Großaufräumen bei Infineon
Fünf Tage nach der überfallsartigen Ablösung von Infineon-Chef Ulrich Schumacher verlassen zwei weitere Spitzenmanager den Münchener Chipkonzern.
Der für die zentralen Verwaltungsfunktionen zuständige Leiter des Corporate-Centers wie der Kommunikationschef wurden am Dienstag gefeuert und sofort vom Werksschutz zum Ausgang geleitet, hieß es. Die Trennung erfolge einvernehmlich, Gründe wurden nicht genannt.
Aus Branchenkreisen verlautete, die beiden seien keineswegs die einzigen Führungskräfte, die das Unternehmen verlassen müssten. So stehe etwa auch der Führungsposten für Personalfragen zur Disposition
Infineon hatte am Donnerstag überraschend den Rücktritt von Schumacher mitgeteilt und mittlerweile "persönliche Gründe" für das Ausscheiden verantwortlich gemacht.

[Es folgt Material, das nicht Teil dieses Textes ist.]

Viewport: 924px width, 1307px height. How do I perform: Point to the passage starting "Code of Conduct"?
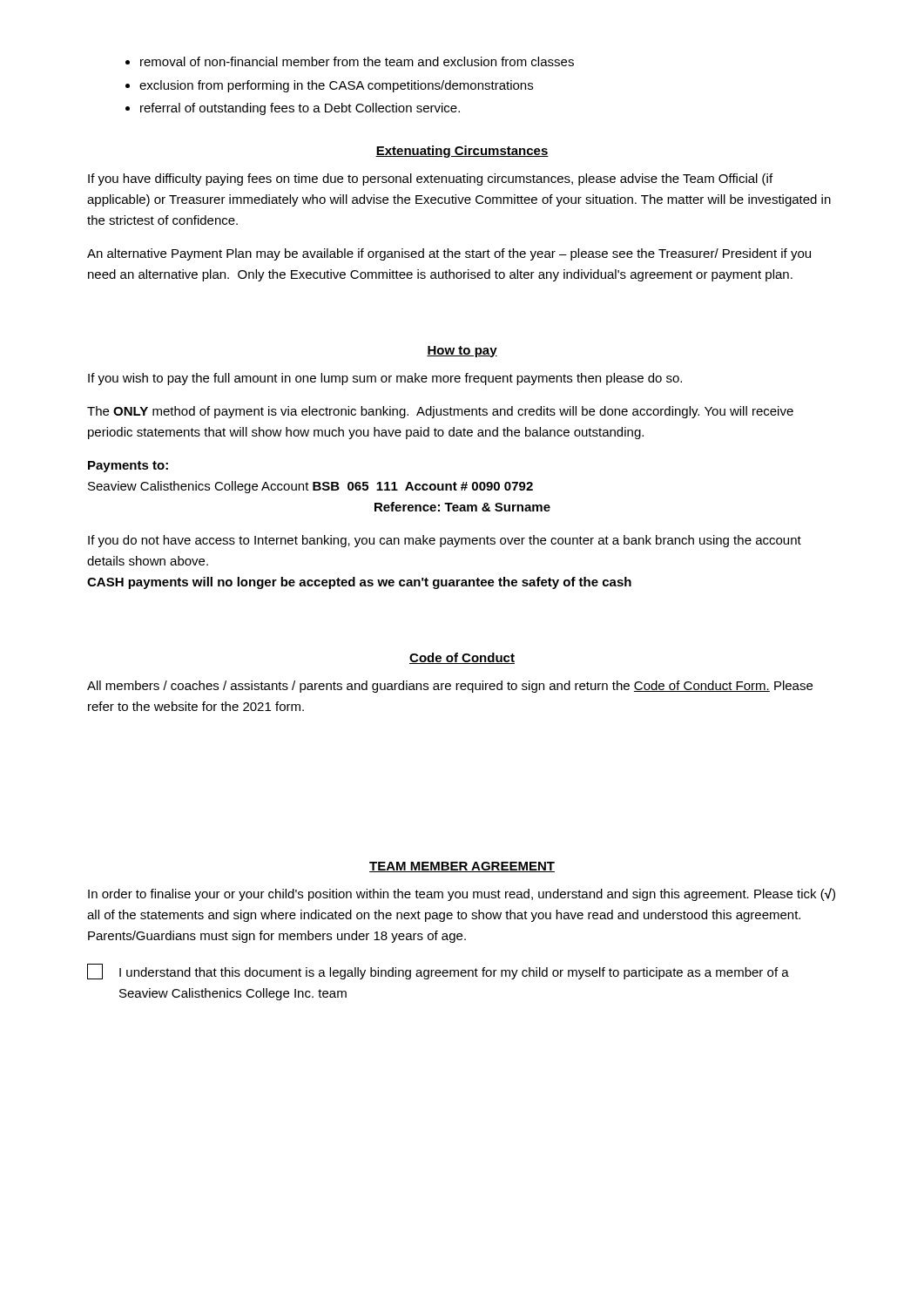click(x=462, y=657)

Der Blitzabritt von CEO Schumacher"Autoritär" war ausschlaggebend
Nach Angaben aus dem Aufsichtsrat waren vor allem Kritik am autoritären Führungsstil des 45-jährigen Managers sowie Strategiefragen für den Rückzug ausschlaggebend.
Schumacher selbst hatte sich nicht äußern wollen. Nun hat der Aufsichtsratsvorsitzende und ehemalige BASF-Finanzchef Max Dietrich Kley übergangsweise die Führung des Vorstands übernommen.